Under the Endless Frontiers Act, the NSF would be renamed the National Science and Technology Foundation. The new agency would have two deputy directors -- one to oversee the NSF’s current operations and another to lead a new technology directorate to advance technology in 10 areas as the U.S. faces greater competition from China and other countries.

“America cannot afford to continue our decades-long underinvestment and expect to lead the world in advanced scientific and technological research,” said Senate Minority Leader Chuck Schumer, a Democrat from New York. “To ensure our advantage, our bill treats scientific research as a national security priority and provides substantial new investments into funding critical research and development to build the industries of the future in regions across the country.”

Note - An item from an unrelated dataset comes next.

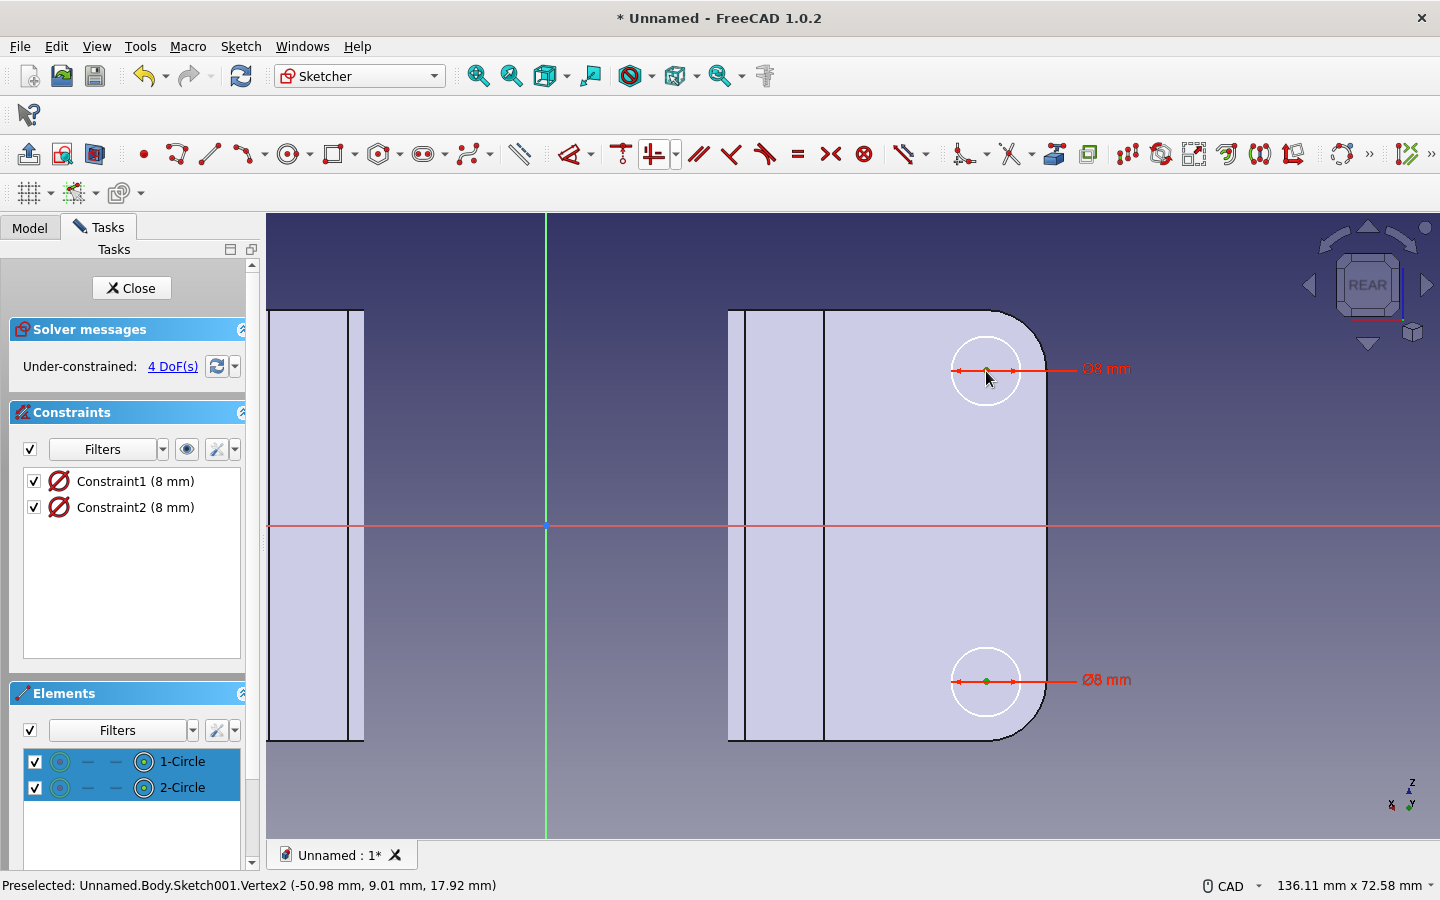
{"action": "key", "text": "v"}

The bill and an accompanying version in the House were co-sponsored by Representative Ro Khanna, a Democrat from California, and Republicans Senator Todd Young, from Indiana, and Representative Mike Gallagher of Wisconsin.

Peter McPherson, APLU's president, said in a statement, “Federal investment in R&D has languished in recent decades. As a share of the economy, it’s a third of what it was at its peak. China and other countries, meanwhile, have vastly expanded their investments in research and development. The current pandemic has underscored the critical need to redouble public investment in research and development. We must ensure more of these innovations and advancements take place in the U.S. rather than elsewhere around the globe.”